[Start of section]

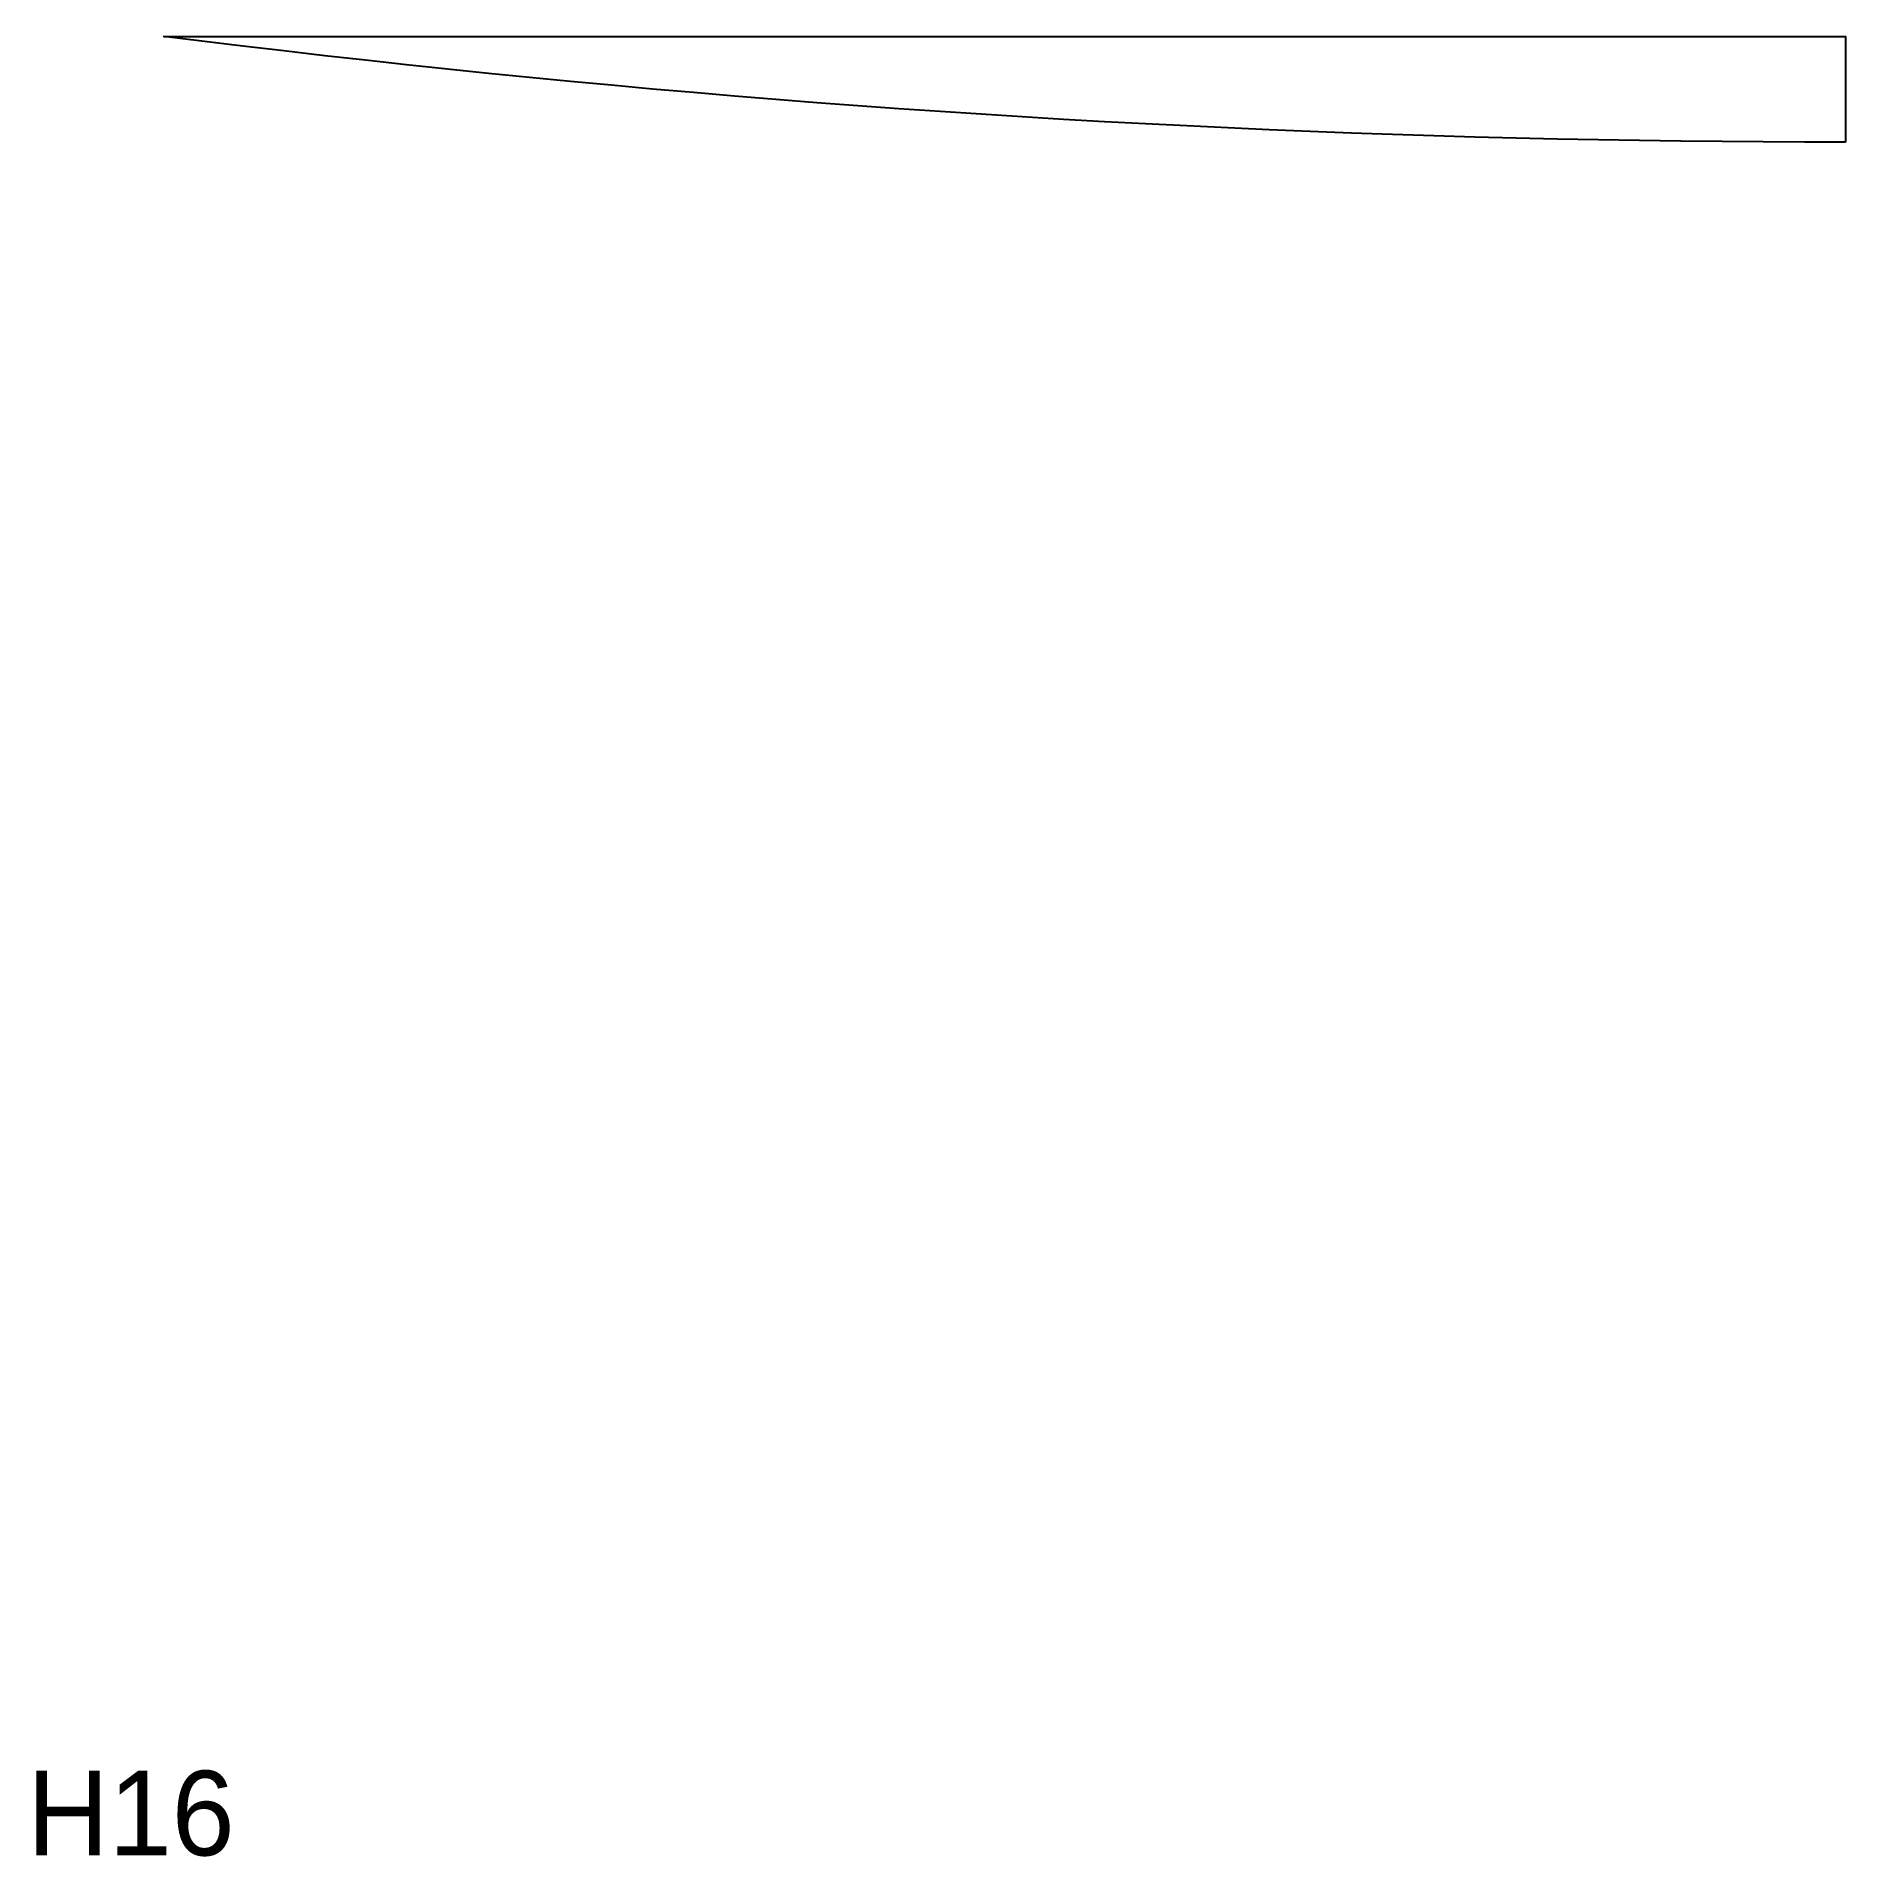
# Model space of a CAD drawing. Header units: millimetres. Extents: x 44 to 900, y 39 to 900.
import ezdxf

# ---------------------------------------------------------------- set-up
doc = ezdxf.new("R2010")
doc.units = ezdxf.units.MM
doc.layers.add('CUT', color=1, linetype='Continuous')
doc.layers.add('ID', color=3, linetype='Continuous')

msp = doc.modelspace()

# ---------------------------------------------------------------- linework, layer by layer
at = {"layer": 'CUT'}
msp.add_lwpolyline([(900, 850), (880.52, 850.03), (861.04, 850.12), (841.56, 850.27), (822.08, 850.48), (802.6, 850.75), (783.12, 851.08), (763.64, 851.46), (744.16, 851.91), (724.69, 852.42), (705.21, 852.99), (685.74, 853.62), (666.27, 854.3), (646.81, 855.05), (627.34, 855.86), (607.88, 856.72), (588.42, 857.65), (568.96, 858.63), (549.51, 859.68), (530.06, 860.79), (510.61, 861.95), (491.17, 863.17), (471.73, 864.46), (452.3, 865.8), (432.87, 867.21), (413.44, 868.67), (394.02, 870.19), (374.6, 871.77), (355.19, 873.41), (335.78, 875.12), (316.38, 876.88), (296.98, 878.7), (277.59, 880.58), (258.21, 882.52), (238.83, 884.51), (219.46, 886.57), (200.09, 888.69), (180.73, 890.87), (161.38, 893.1), (142.03, 895.4), (122.69, 897.75), (104.72, 900), (900, 900), (900, 850)], close=True, dxfattribs=at)

# ---------------------------------------------------------------- texts
at = {"layer": 'ID'}
msp.add_text('H16', height=40, dxfattribs=at).set_placement((40, 40))

doc.saveas('drawing.dxf')

[End of section]

Transcribe the records above verbatim. Do not carry over any picture.

# Model space of a CAD drawing. Header units: millimetres. Extents: x 44 to 900, y 39 to 900.
import ezdxf

# ---------------------------------------------------------------- set-up
doc = ezdxf.new("R2010")
doc.units = ezdxf.units.MM
doc.layers.add('CUT', color=1, linetype='Continuous')
doc.layers.add('ID', color=3, linetype='Continuous')

msp = doc.modelspace()

# ---------------------------------------------------------------- linework, layer by layer
at = {"layer": 'CUT'}
msp.add_lwpolyline([(900, 850), (880.52, 850.03), (861.04, 850.12), (841.56, 850.27), (822.08, 850.48), (802.6, 850.75), (783.12, 851.08), (763.64, 851.46), (744.16, 851.91), (724.69, 852.42), (705.21, 852.99), (685.74, 853.62), (666.27, 854.3), (646.81, 855.05), (627.34, 855.86), (607.88, 856.72), (588.42, 857.65), (568.96, 858.63), (549.51, 859.68), (530.06, 860.79), (510.61, 861.95), (491.17, 863.17), (471.73, 864.46), (452.3, 865.8), (432.87, 867.21), (413.44, 868.67), (394.02, 870.19), (374.6, 871.77), (355.19, 873.41), (335.78, 875.12), (316.38, 876.88), (296.98, 878.7), (277.59, 880.58), (258.21, 882.52), (238.83, 884.51), (219.46, 886.57), (200.09, 888.69), (180.73, 890.87), (161.38, 893.1), (142.03, 895.4), (122.69, 897.75), (104.72, 900), (900, 900), (900, 850)], close=True, dxfattribs=at)

# ---------------------------------------------------------------- texts
at = {"layer": 'ID'}
msp.add_text('H16', height=40, dxfattribs=at).set_placement((40, 40))

doc.saveas('drawing.dxf')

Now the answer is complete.